Любят они похвастаться своей сверхъестественной осведомленностью, хотя ничего чудесного в ней нет - слежка стоит огромных средств, но чего их жалеть, они ведь народные! Я много шлялся в эти дни, одних только забегаловок сколько обошел, к жене зашел буквально на минутку, сколько же надо было за мной протопать сотрудникам, чтобы Скобелев мог с эффектом произнести:
- У бывшей жены хранили?
Да ведь и не дома, а на работе, среди историй болезней (так глубоко проникнуть не хватило административного восторга), бывшая жена ни Оруэллом, ни Набоковым не интересуется, ночь она не потратит ни на какую книгу, тем более такую.

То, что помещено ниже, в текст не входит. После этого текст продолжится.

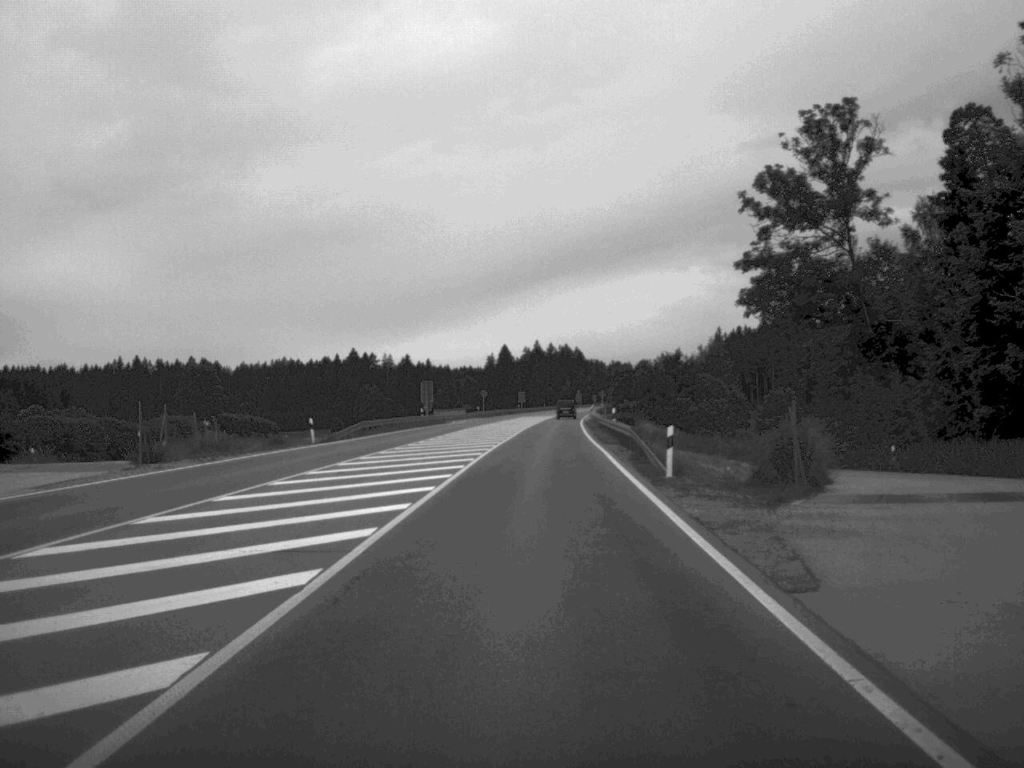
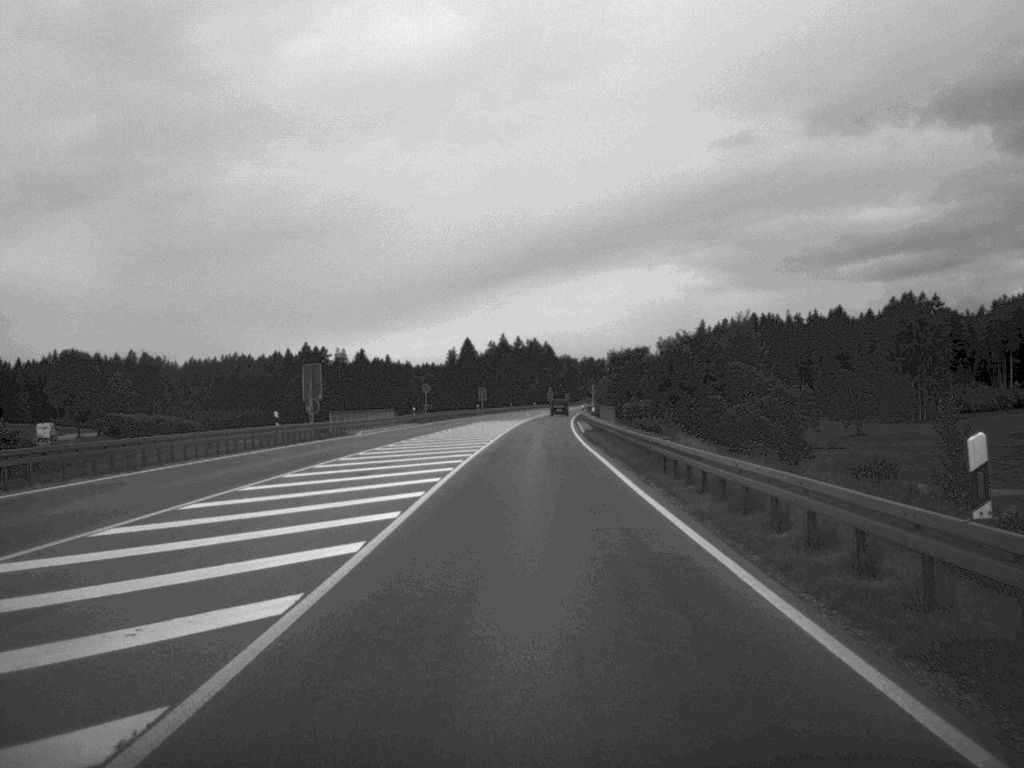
(+0.5, +46.0) m; +1°
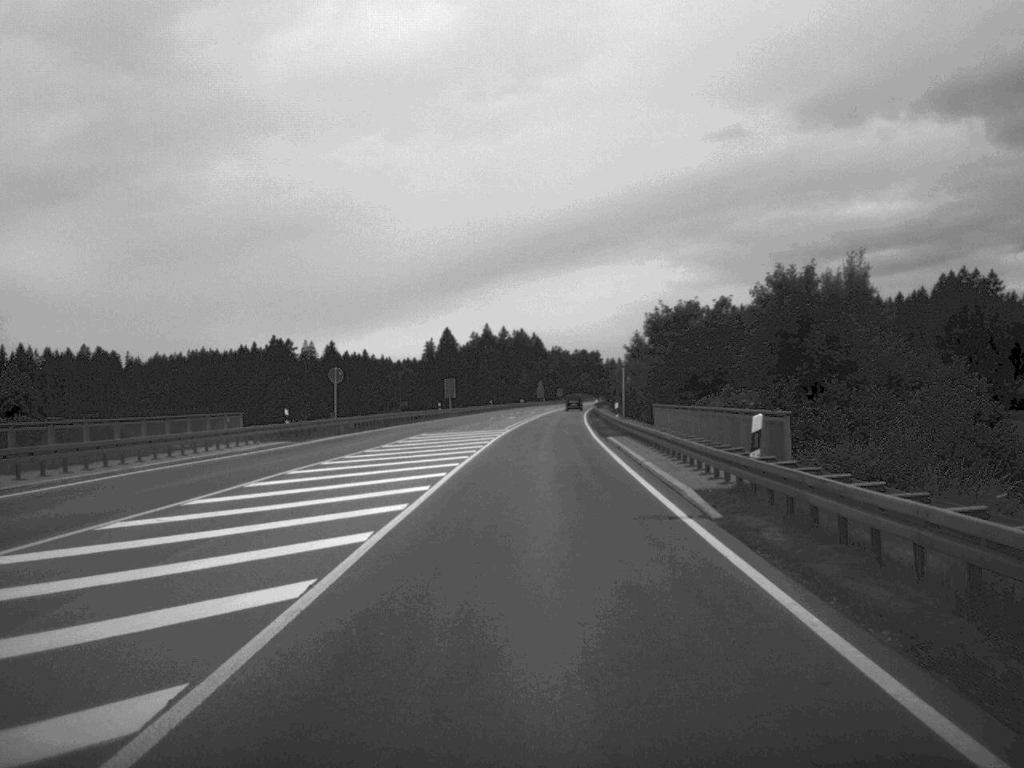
(+0.2, +47.9) m; 0°
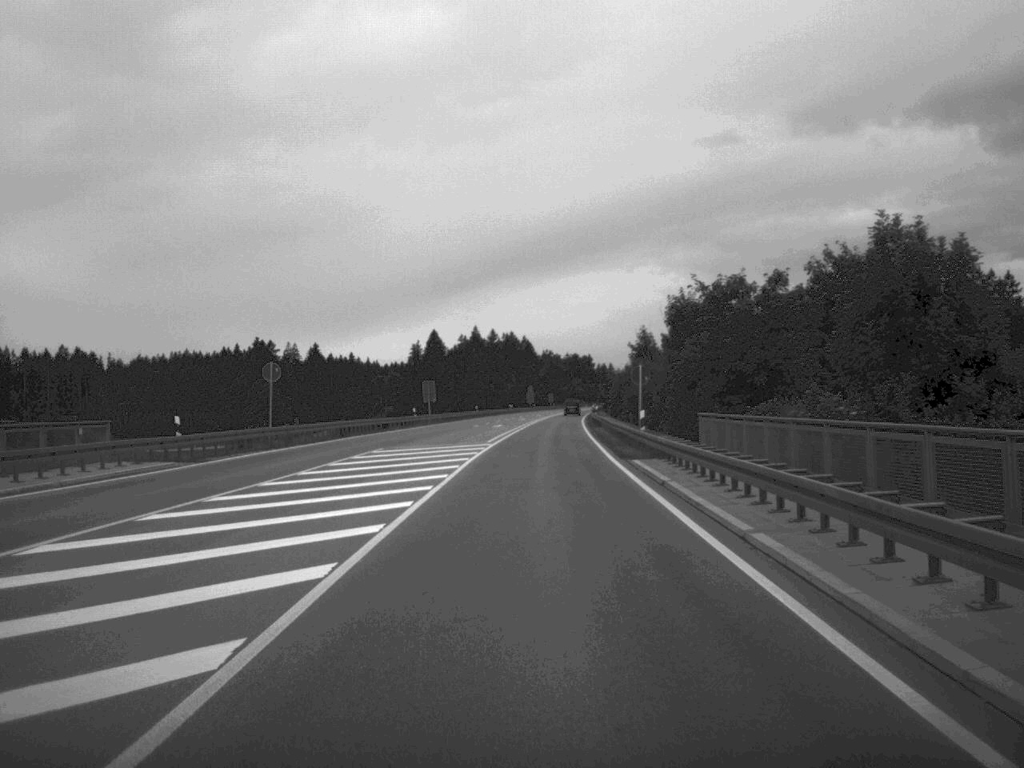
(0.0, +14.7) m; 0°
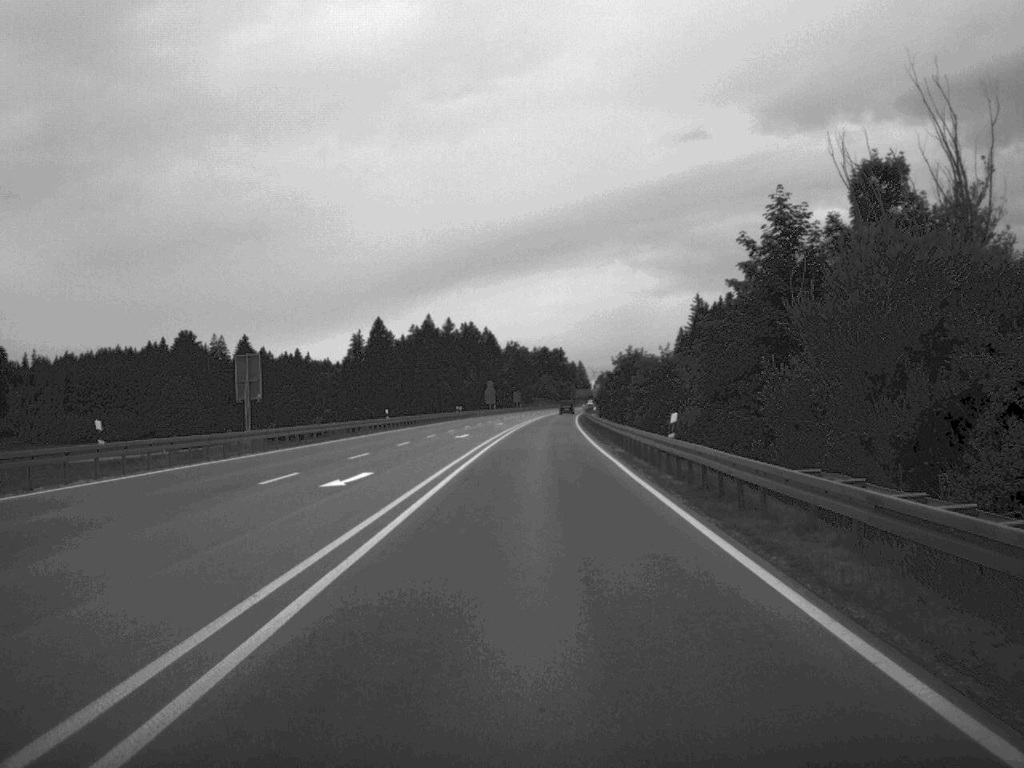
(+0.9, +62.4) m; +1°
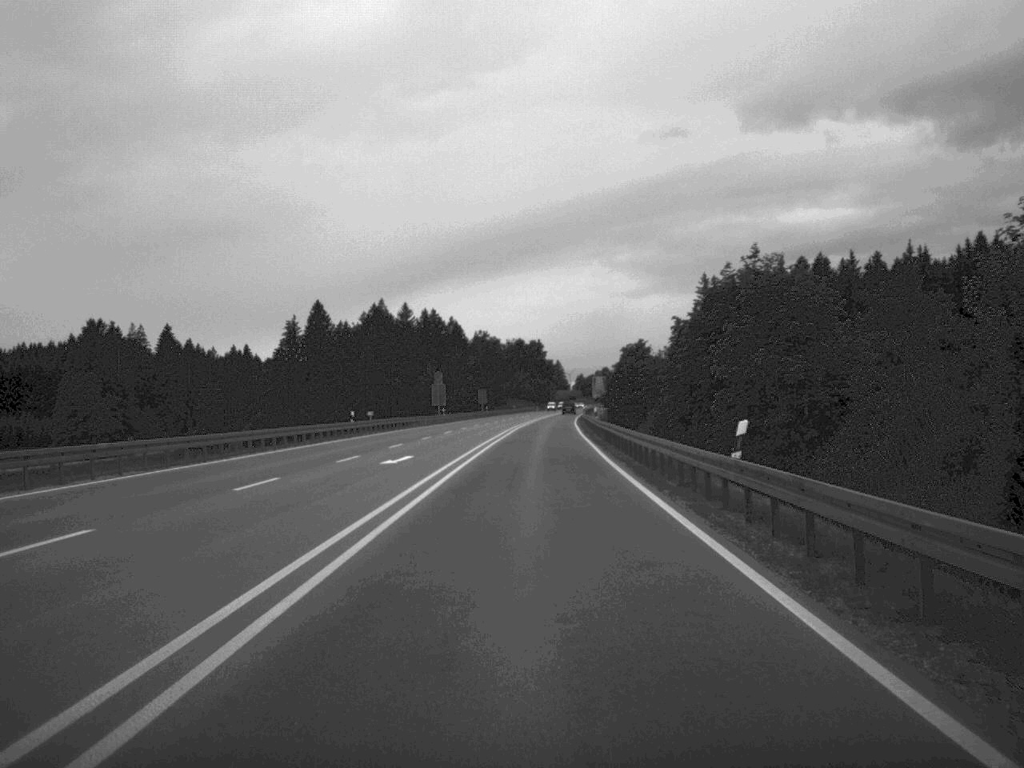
(+0.8, +61.1) m; +1°
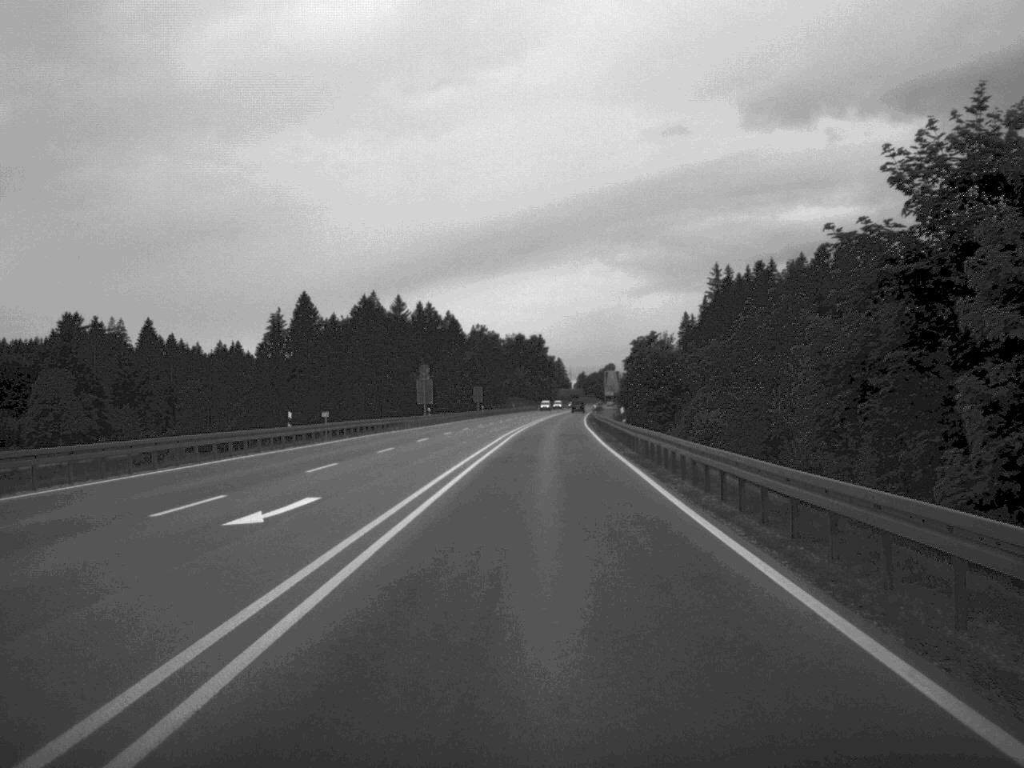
(0.0, +18.0) m; 0°

Скобелев велел писать "объяснение". Он диктовал, а я своей рукой писал. Но не было сил. То и дело приходилось откладывать ручку и залезать под одеяло. Помню только, что по стилю это объяснение очень напоминало то, что писал Брокс-Соколов.
Я не верил, что когда-то у меня были мышцы, мне казалось, что даже кровь у меня в жилах останавливается от немочи. Хотелось только одного погасить сознание. Если бы можно было что-то принять и терпеливо ждать смерти, но нет, нужно было терпеливо жить. Я лежал против телевизора и не отличал драмы от комедии, все равно было, что там - репортаж с завода "Каучук" или КВН.
Тащился к бывшей родне, там тоже был телевизор, сидел перед ним, ничего не понимая, и думал, как выпросить у бывшего тестя снотворное. Вернувшись домой, глотал все сразу, не хватало терпения собрать столько, чтобы заснуть навсегда...
Скоро снова явился Скобелев и столкнулся с отцом. Я не стал их знакомить, но, кажется, в этом не было нужды. В больнице я отказывался от свиданий с отцом (пока еще мог что-то понимать и изъявлять свою волю), но в день моей выписки он почему-то пришел домой, на Сокол, значит, знал, где я и что со мной происходит. Я сам пятнадцатого утром вовсе не был уверен в том, что выйду.
Скобелев заявил, что над ним все смеются - даже текста "Докладной" не оказалось. Шесть экземпляров "Дела Бродского", "Письмо к старому другу", обсуждение книги Некрича "Июнь 1941-ого", разрозненные главы "Нового класса" Джиласа (у меня сложилось впечатление, что Скобелев, хоть и приставлен к литературе, но Джиласа не читал. Каждый раз, натыкаясь на него, он спрашивал: "А это чье?") Оказалось и несколько глав "Мы" Замятина, перепечатанных по просьбе Исаича (все его письма конфисковали, конфисковали даже письма Твардовского и Драб-киной, остался только написанный его рукой перечень глав из Замятина на маленьком листке бумаги да пересланный мне в Кащенко во время чехословацких событий "Денисыч" с автографом). Было в пакете несколько рецензий на Солженицына, самая объемная - лауреата государственной премии В. Л. Теуша, ныне покойного, в "Литературке" его назвали: некий Теуш. Чему тут удивляться, когда нынче академику Сахарову инициалы в газете не проставляют.